Pequeñas fogatas para escudarse del frío.
Alejandra cuenta que, aparte de los familiares, el sábado 19 de septiembre ingresó también otra gente a la que ellos conocían: “Personas que sabíamos que no tenían dónde vivir, que estaban con los suegros o los padres, o que no llegaban a pagar un alquiler”.
Jesica Poblete, otra prima, se suma a la conversación y expone: “Incluso sacamos a familiares que no lo necesitaban, y dejamos que vinieran otros que sí lo precisaban”.
“Claro, porque algunos de la familia lo querían para vender, y no es así”, razona Alejandra.
“No queremos que si el día de mañana se consigue algo, a alguien se le ocurra vender.
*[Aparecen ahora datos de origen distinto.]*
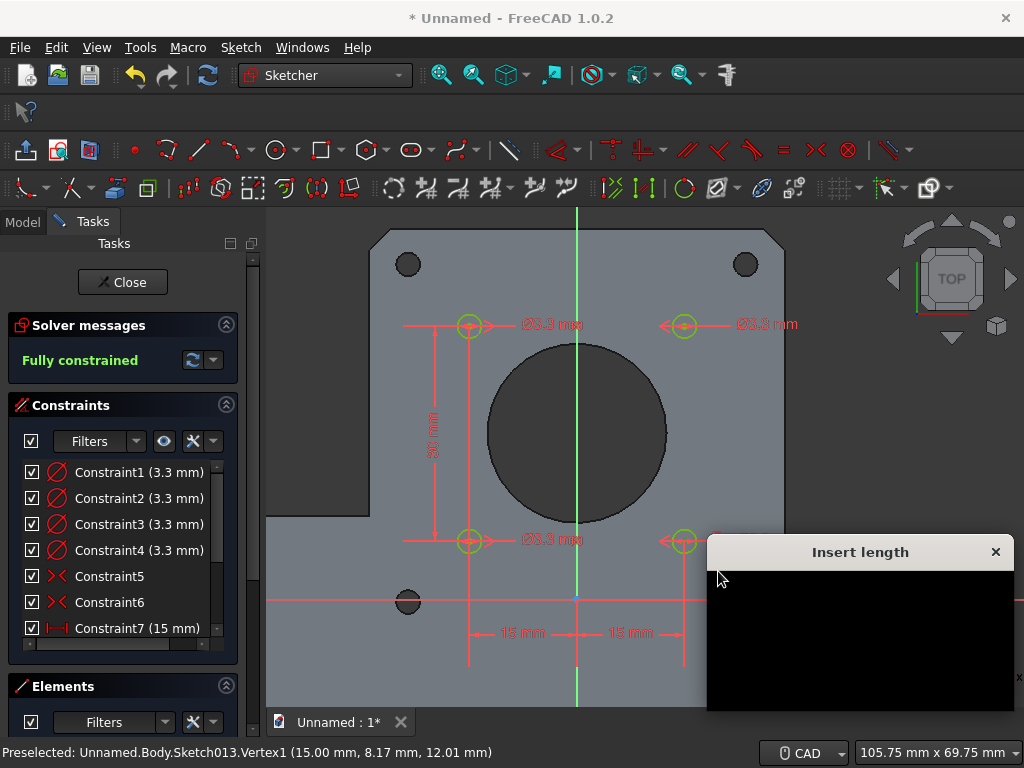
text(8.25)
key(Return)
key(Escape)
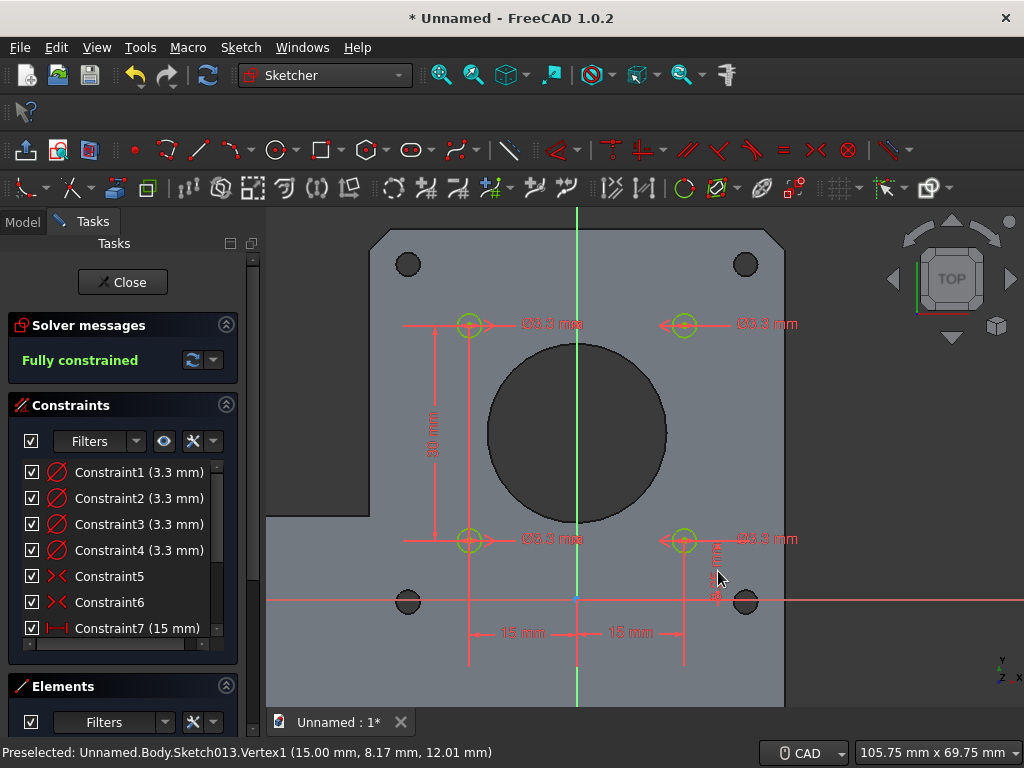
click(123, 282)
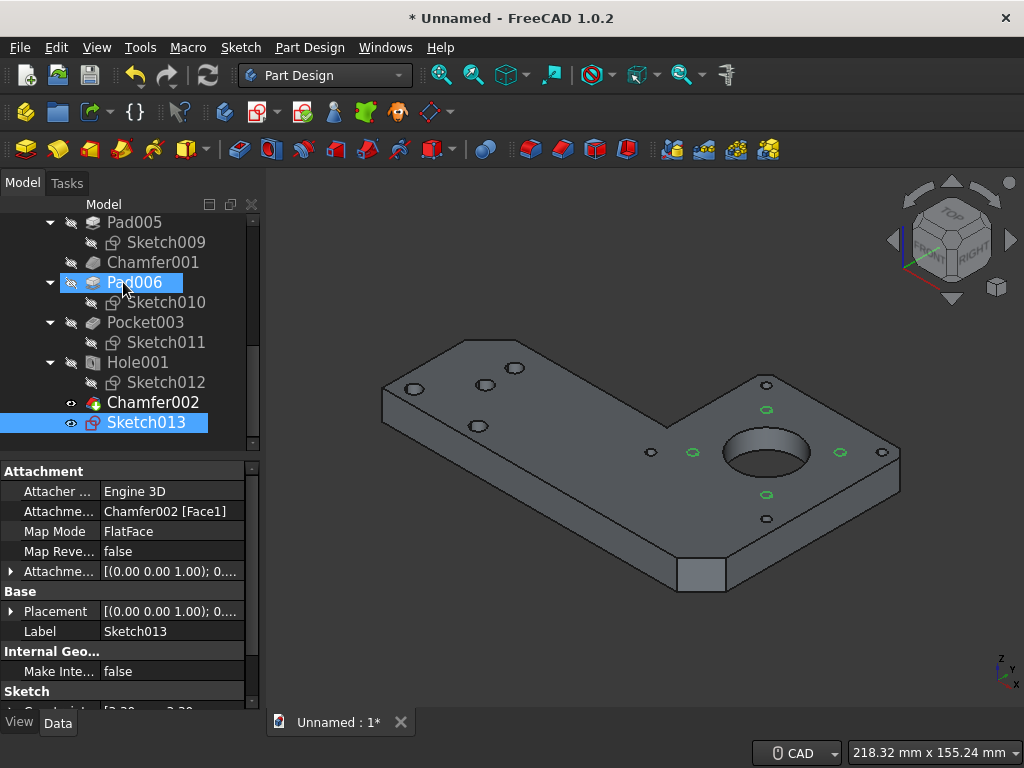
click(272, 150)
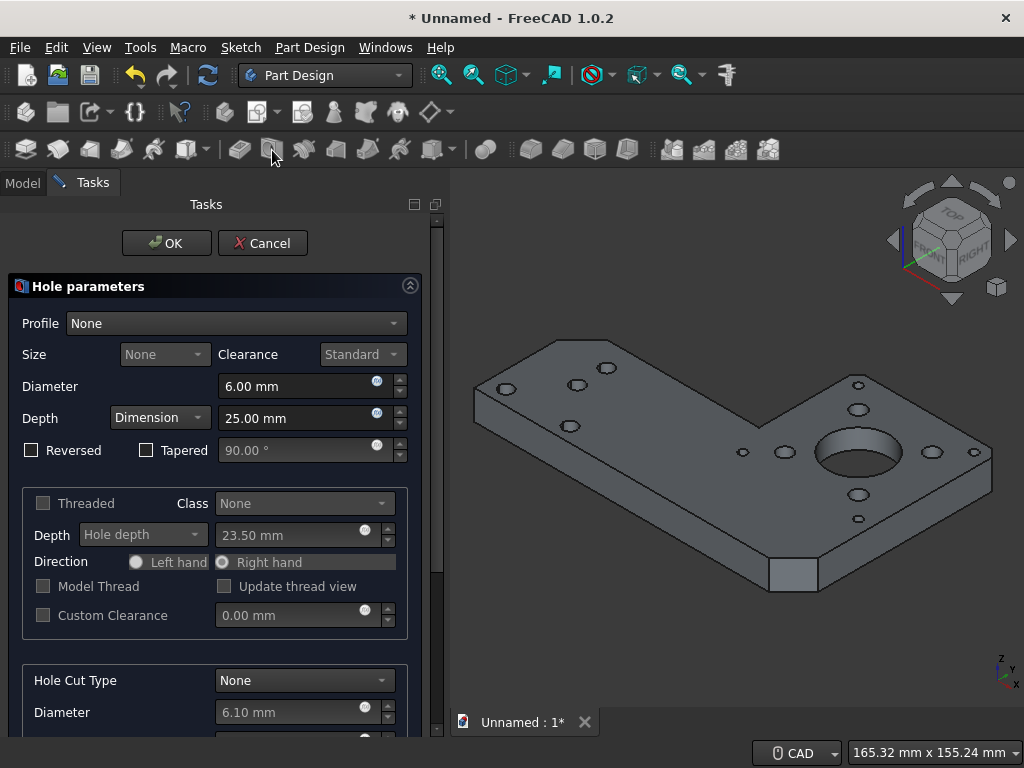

La idea es darle una mano a quien lo necesita, no hacer negocio”, amplía.
“Ya se habló con todos: no se puede vender”, completa.
Sobre el momento que atraviesan, con el frío que azota, Alejandra indica: “Queremos refaccionar un poco y no nos dejan… Está lleno de tierra, y hay niños, mujeres embarazadas”.
Porque, durante los cinco meses que se alargó el plazo, no les permitieron ingresar ningún material.
“No podemos construir, ni entrar con algo para hacer fuego, nada, solo permanecer con las carpas de nailon que tenemos”, expresa Alejandra.
Pese a esa prohibición, hay vecinos que, al verlos en esas condiciones, cuando las autoridades policiales no están atentas, pasan y les dejan algo de leña.
Las mujeres narran que la policía, además, se presenta varias veces al día para notificarse de quien está en el predio, para que no se sume más gente.
Y afirman que se ven hombres uniformados “en distintos autos particulares”.
“Pensamos que Book les paga aparte, para que estén todo el tiempo”, sostiene Alejandra.
Postal de la tristeza.
Y agrega: “A una de las chicas, como se negó a volver a dar sus datos, porque ya se lo habían pedido un montón de veces, le dijeron que pasarían el caso a la fiscalía”.
Iris Valerio, a su lado, asiente. Ella no pertenece a la familia, es una de las personas que no tenía dónde ir, a la que le permitieron entrar con ellos en el terreno.
Alejandra añade: “Llevamos acá tres semanas, en estas circunstancias, y tenemos que esperar hasta febrero”.
Explica que, si bien la familia Maliqueo, ubicada al otro lado de la calle, pretende que los reconozcan como propietarios, porque consideran que los documentos que tienen así los califican, ellos están dispuestos, incluso, a pagar, mediante algún plan a su alcance, por permanecer allí.
“Siempre y cuando quien dice que es el dueño muestre los papeles que lo avalen como tal”, apunta.
“Aparte, ¿por qué no hizo nada en tantos años? Esto era una boca de lobos, estaba lleno de matorrales. Había ladrones que robaban a los remiseros y se escondían acá… hubo intentos de violación”, comenta.
“Recién hora, que llegamos de una forma pacífica, y limpiamos todo, viene a decir que son sus tierras”, concluye.
Otra de las personas que se asentó en el lugar, Yanela Azócar, suma: “¿Por qué no se acerca a conversar con nosotros, para que le expliquemos nuestra situación?”.